Records drawn from a dataset:

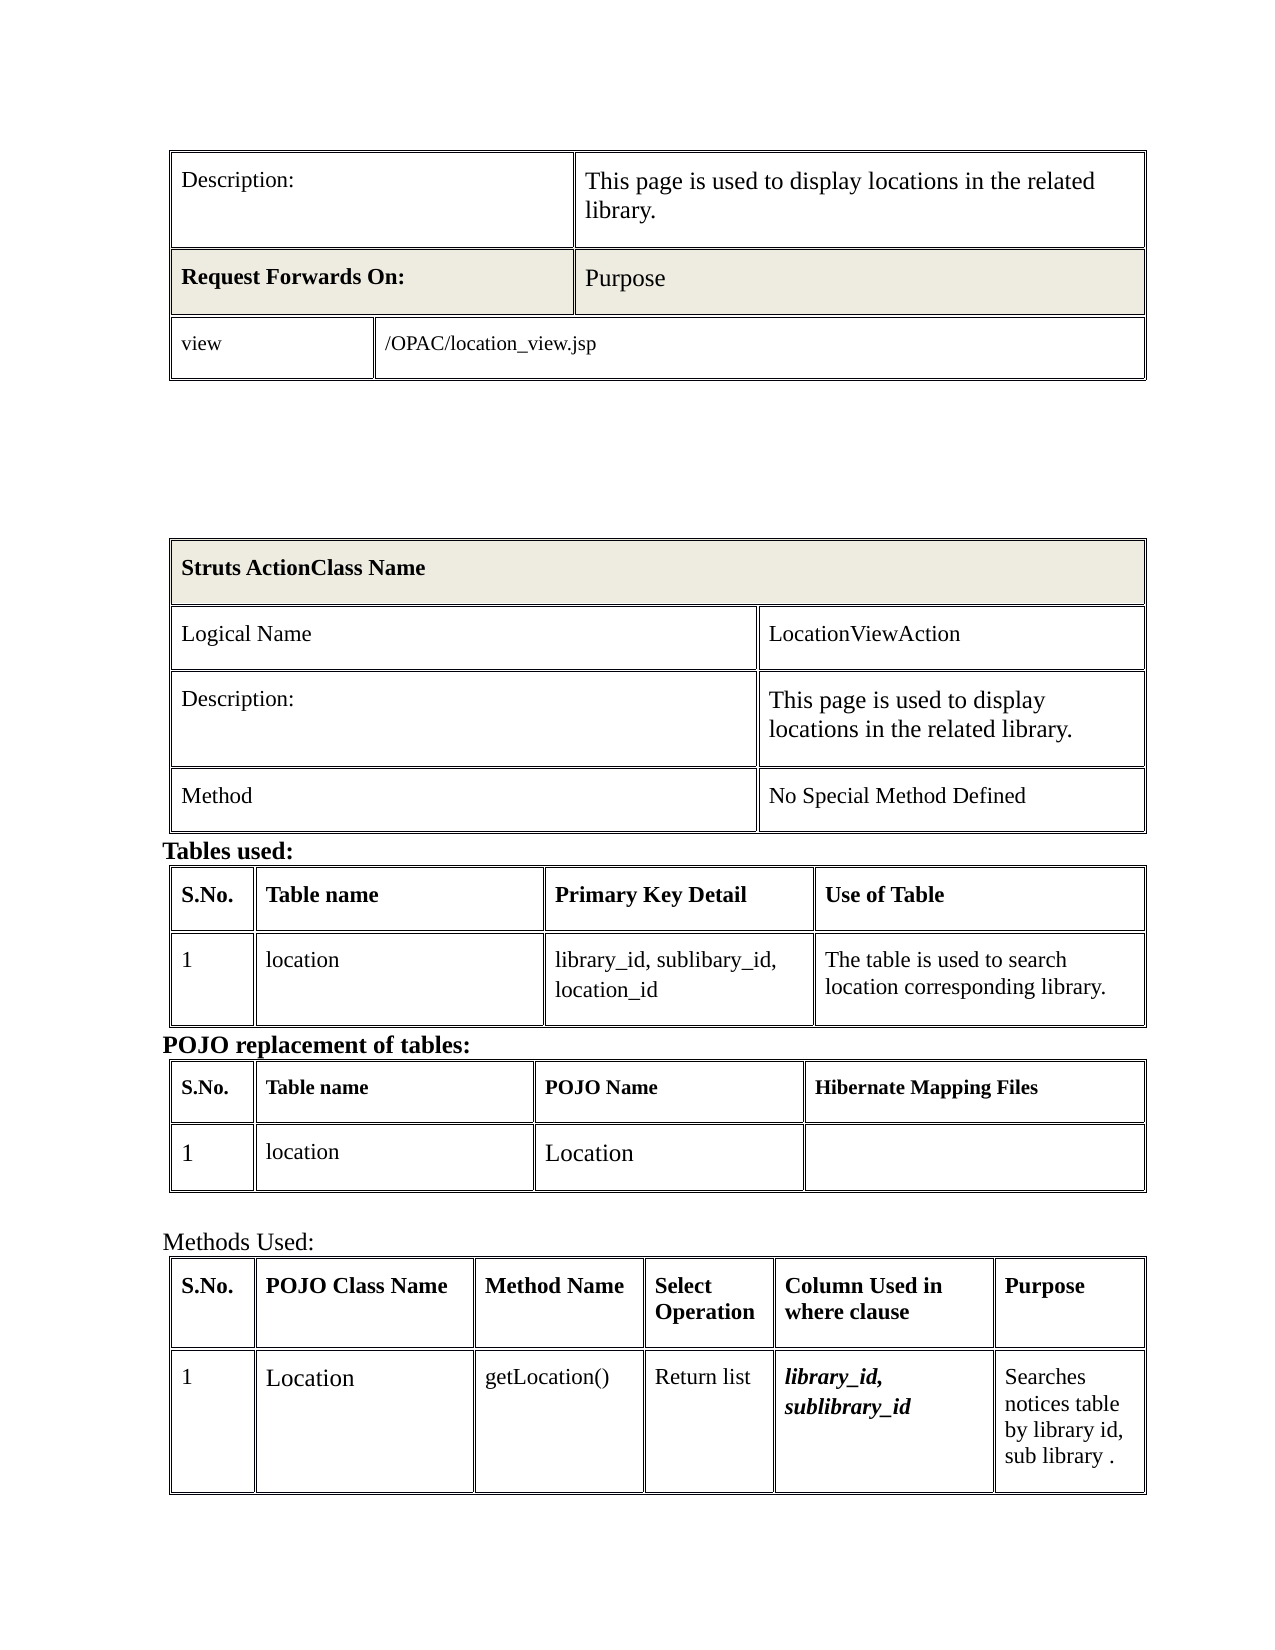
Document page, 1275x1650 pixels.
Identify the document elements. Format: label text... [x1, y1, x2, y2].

table_cell No Special Method Defined [760, 769, 1144, 831]
table_header S.No. [172, 1062, 253, 1122]
table_header Primary Key Detail [546, 868, 813, 930]
table_cell [806, 1125, 1144, 1190]
table_cell Searches notices table by library id, sub library . [996, 1351, 1144, 1492]
table_cell 1 [172, 1351, 254, 1492]
table_cell view [172, 318, 373, 377]
table_header S.No. [172, 868, 253, 930]
table_header S.No. [172, 1259, 254, 1347]
table_header Method Name [476, 1259, 643, 1347]
table_cell location [257, 1125, 533, 1190]
table_cell Logical Name [172, 607, 756, 669]
table_header Struts ActionClass Name [172, 541, 1144, 603]
table_header Hibernate Mapping Files [806, 1062, 1144, 1122]
table_cell Location [536, 1125, 803, 1190]
table_cell Return list [646, 1351, 773, 1492]
table_cell library_id, sublibary_id, location_id [546, 934, 813, 1025]
text Tables used: [150, 836, 1125, 865]
table_header Select Operation [646, 1259, 773, 1347]
table_header Table name [257, 1062, 533, 1122]
table_cell 1 [172, 1125, 253, 1190]
table_header POJO Name [536, 1062, 803, 1122]
table_header Column Used in where clause [776, 1259, 993, 1347]
text POJO replacement of tables: [150, 1030, 1125, 1059]
table_cell This page is used to display locations in the related library. [760, 672, 1144, 766]
table_cell getLocation() [476, 1351, 643, 1492]
text Methods Used: [150, 1227, 1125, 1256]
table_cell The table is used to search location corresponding library. [816, 934, 1144, 1025]
table_header Use of Table [816, 868, 1144, 930]
table_cell Description: [172, 672, 756, 766]
table_cell library_id, sublibrary_id [776, 1351, 993, 1492]
table_header POJO Class Name [257, 1259, 473, 1347]
table_cell location [257, 934, 543, 1025]
table_header Table name [257, 868, 543, 930]
table_cell Method [172, 769, 756, 831]
table_cell LocationViewAction [760, 607, 1144, 669]
table_cell Description: [172, 153, 573, 247]
table_cell Purpose [576, 250, 1144, 314]
table_cell /OPAC/location_view.jsp [376, 318, 1144, 377]
table_cell Location [257, 1351, 473, 1492]
table_cell Request Forwards On: [172, 250, 573, 314]
table_header Purpose [996, 1259, 1144, 1347]
table_cell 1 [172, 934, 253, 1025]
table_cell This page is used to display locations in the related library. [576, 153, 1144, 247]
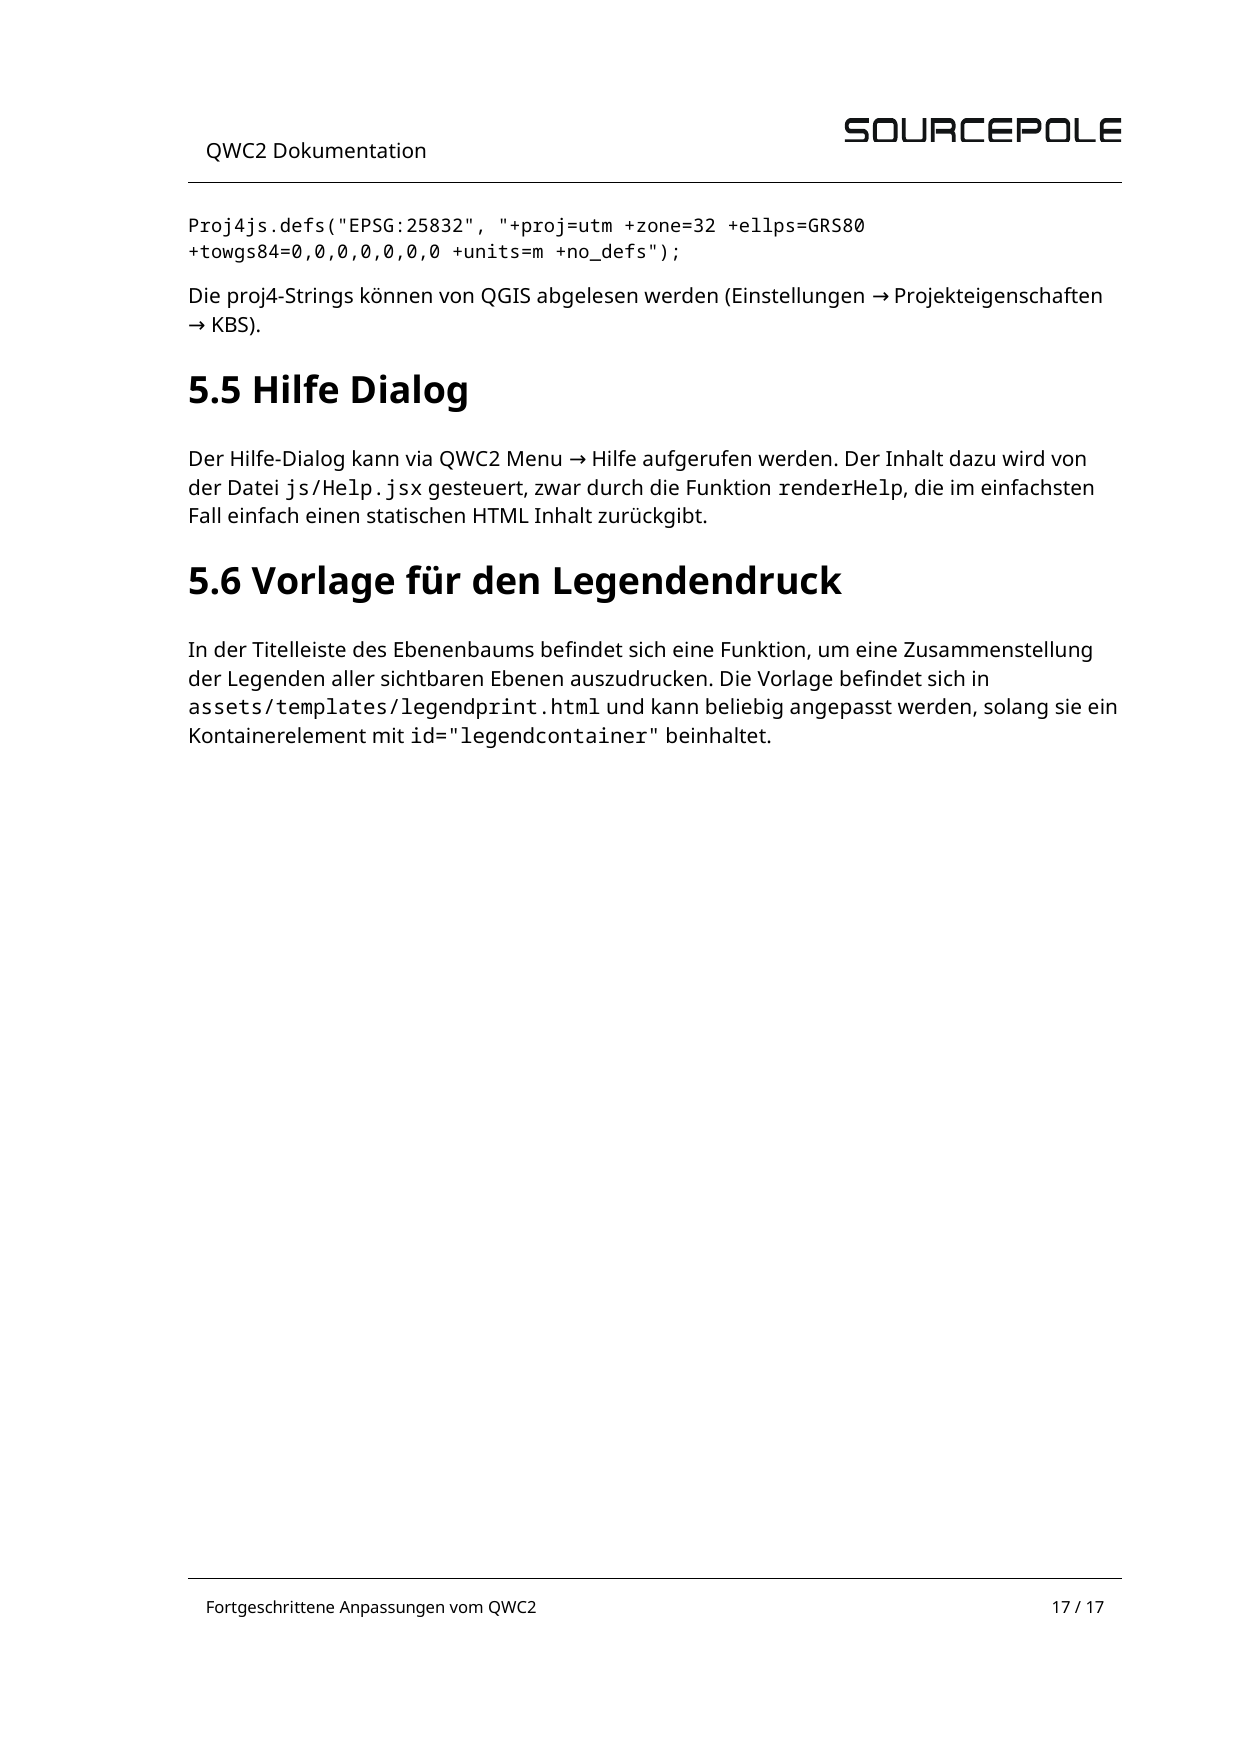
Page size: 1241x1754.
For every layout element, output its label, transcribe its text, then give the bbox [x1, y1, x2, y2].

text Der Hilfe-Dialog kann via QWC2 Menu → Hilfe aufgerufen werden. Der Inhalt dazu wird von der Datei js/Help.jsx gesteuert, zwar durch die Funktion renderHelp, die im einfachsten Fall einfach einen statischen HTML Inhalt zurückgibt. [188, 444, 1122, 530]
subtitle Hilfe Dialog [188, 363, 1122, 414]
subtitle Vorlage für den Legendendruck [188, 555, 1122, 606]
text In der Titelleiste des Ebenenbaums befindet sich eine Funktion, um eine Zusammenstellung der Legenden aller sichtbaren Ebenen auszudrucken. Die Vorlage befindet sich in assets/templates/legendprint.html und kann beliebig angepasst werden, solang sie ein Kontainerelement mit id="legendcontainer" beinhaltet. [188, 635, 1122, 749]
text Die proj4-Strings können von QGIS abgelesen werden (Einstellungen → Projekteigenschaften → KBS). [188, 281, 1122, 338]
text Proj4js.defs("EPSG:25832", "+proj=utm +zone=32 +ellps=GRS80 +towgs84=0,0,0,0,0,0,0 +units=m +no_defs"); [188, 212, 1122, 264]

TO DO: With the pictures left out, restate word for word every line of the data above, from the first down to the line that contains "table_header Table name [257, 868, 543, 930]".

RESPONSE BELOW:
Document page, 1275x1650 pixels.
Identify the document elements. Format: label text... [x1, y1, x2, y2].

table_cell No Special Method Defined [760, 769, 1144, 831]
table_header S.No. [172, 1062, 253, 1122]
table_header Primary Key Detail [546, 868, 813, 930]
table_cell [806, 1125, 1144, 1190]
table_cell Searches notices table by library id, sub library . [996, 1351, 1144, 1492]
table_cell 1 [172, 1351, 254, 1492]
table_cell view [172, 318, 373, 377]
table_header S.No. [172, 868, 253, 930]
table_header S.No. [172, 1259, 254, 1347]
table_header Method Name [476, 1259, 643, 1347]
table_cell location [257, 1125, 533, 1190]
table_cell Logical Name [172, 607, 756, 669]
table_header Struts ActionClass Name [172, 541, 1144, 603]
table_header Hibernate Mapping Files [806, 1062, 1144, 1122]
table_cell Location [536, 1125, 803, 1190]
table_cell Return list [646, 1351, 773, 1492]
table_cell library_id, sublibary_id, location_id [546, 934, 813, 1025]
text Tables used: [150, 836, 1125, 865]
table_header Select Operation [646, 1259, 773, 1347]
table_header Table name [257, 1062, 533, 1122]
table_cell 1 [172, 1125, 253, 1190]
table_header POJO Name [536, 1062, 803, 1122]
table_header Column Used in where clause [776, 1259, 993, 1347]
text POJO replacement of tables: [150, 1030, 1125, 1059]
table_cell This page is used to display locations in the related library. [760, 672, 1144, 766]
table_cell getLocation() [476, 1351, 643, 1492]
text Methods Used: [150, 1227, 1125, 1256]
table_cell The table is used to search location corresponding library. [816, 934, 1144, 1025]
table_header Use of Table [816, 868, 1144, 930]
table_cell Description: [172, 672, 756, 766]
table_cell library_id, sublibrary_id [776, 1351, 993, 1492]
table_header POJO Class Name [257, 1259, 473, 1347]
table_cell location [257, 934, 543, 1025]
table_header Table name [257, 868, 543, 930]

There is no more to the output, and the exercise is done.